(Beginning of Data under study)

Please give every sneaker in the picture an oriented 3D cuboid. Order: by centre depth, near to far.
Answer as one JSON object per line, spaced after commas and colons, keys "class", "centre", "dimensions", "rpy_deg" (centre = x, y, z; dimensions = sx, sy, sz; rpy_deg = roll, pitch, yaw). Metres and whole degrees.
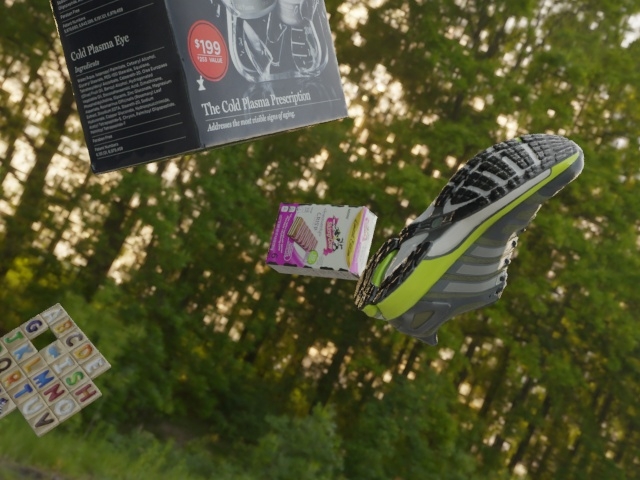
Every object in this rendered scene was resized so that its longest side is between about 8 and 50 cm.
{"class": "sneaker", "centre": [0.179, 0.000, 0.955], "dimensions": [0.121, 0.300, 0.111], "rpy_deg": [40, 18, -27]}

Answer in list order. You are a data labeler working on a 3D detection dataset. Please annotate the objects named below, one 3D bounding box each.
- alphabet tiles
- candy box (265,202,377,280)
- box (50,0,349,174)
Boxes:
{"class": "alphabet tiles", "centre": [-0.479, 0.224, 1.428], "dimensions": [0.237, 0.198, 0.009], "rpy_deg": [38, -29, 36]}
{"class": "candy box", "centre": [0.000, 0.000, 1.940], "dimensions": [0.233, 0.159, 0.071], "rpy_deg": [4, -18, 31]}
{"class": "box", "centre": [-0.147, -0.273, 1.062], "dimensions": [0.178, 0.313, 0.343], "rpy_deg": [-9, 9, 33]}
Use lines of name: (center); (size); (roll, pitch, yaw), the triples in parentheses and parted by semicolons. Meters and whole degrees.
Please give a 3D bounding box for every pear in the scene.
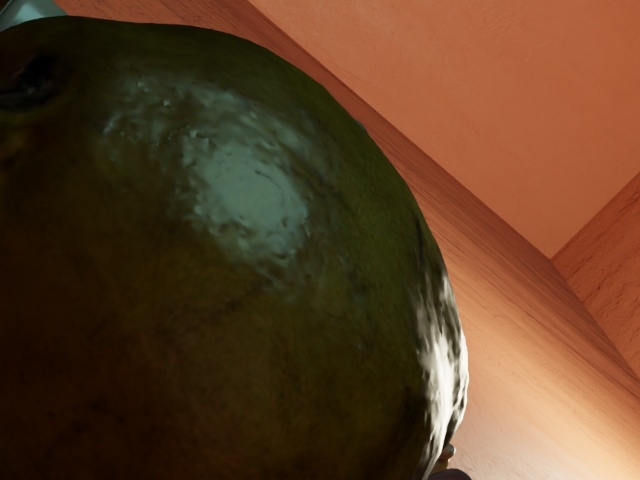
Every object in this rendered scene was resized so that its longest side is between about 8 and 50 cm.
pear: (-0.093, 0.048, 1.034); (0.413, 0.352, 0.352); (41, 12, -23)

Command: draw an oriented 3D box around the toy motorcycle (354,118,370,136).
toy motorcycle: (-0.008, 0.072, 1.325); (0.191, 0.200, 0.326); (-42, 122, -50)

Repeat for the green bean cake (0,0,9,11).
green bean cake: (-0.378, -0.240, 1.294); (0.233, 0.236, 0.124); (38, 10, -37)

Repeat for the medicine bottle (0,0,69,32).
medicine bottle: (-0.290, -0.167, 1.580); (0.225, 0.139, 0.139); (42, 12, -15)

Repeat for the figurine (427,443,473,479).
figurine: (0.075, 0.195, 1.620); (0.184, 0.128, 0.208); (32, 25, -56)
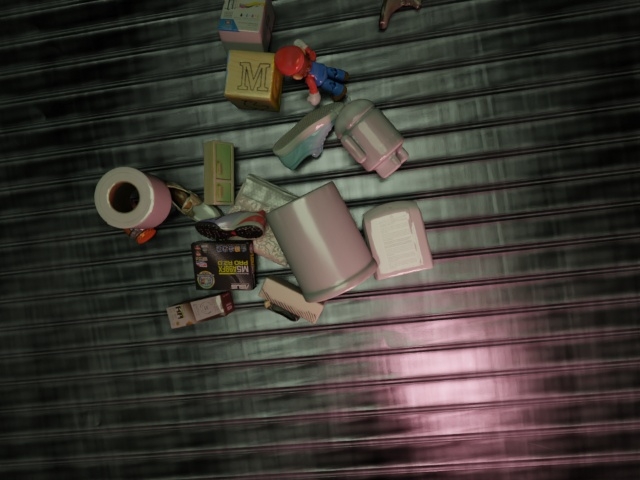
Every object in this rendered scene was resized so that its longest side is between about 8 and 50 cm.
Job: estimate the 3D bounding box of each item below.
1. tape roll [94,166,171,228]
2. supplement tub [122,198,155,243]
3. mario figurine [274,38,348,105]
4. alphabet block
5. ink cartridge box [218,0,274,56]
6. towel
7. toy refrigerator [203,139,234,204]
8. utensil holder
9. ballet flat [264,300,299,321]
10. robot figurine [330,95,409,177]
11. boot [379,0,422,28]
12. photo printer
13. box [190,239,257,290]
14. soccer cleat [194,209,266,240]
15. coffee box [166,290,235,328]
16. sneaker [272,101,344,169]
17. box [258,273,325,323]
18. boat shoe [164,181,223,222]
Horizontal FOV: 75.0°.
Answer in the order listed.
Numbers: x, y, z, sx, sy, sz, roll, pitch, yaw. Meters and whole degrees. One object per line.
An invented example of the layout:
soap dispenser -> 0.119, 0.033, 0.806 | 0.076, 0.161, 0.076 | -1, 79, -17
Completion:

(End of Data under study)

Aim of the exercise
Retype word for word the line above with "Answer in the order listed." and all lines after it, nothing else.

Problem solution
Answer in the order listed.
Numbers: x, y, z, sx, sy, sz, roll, pitch, yaw. Meters and whole degrees. One object per line.
An invented example of the layout:
soap dispenser -> 0.119, 0.033, 0.806 | 0.076, 0.161, 0.076 | -1, 79, -17
Completion:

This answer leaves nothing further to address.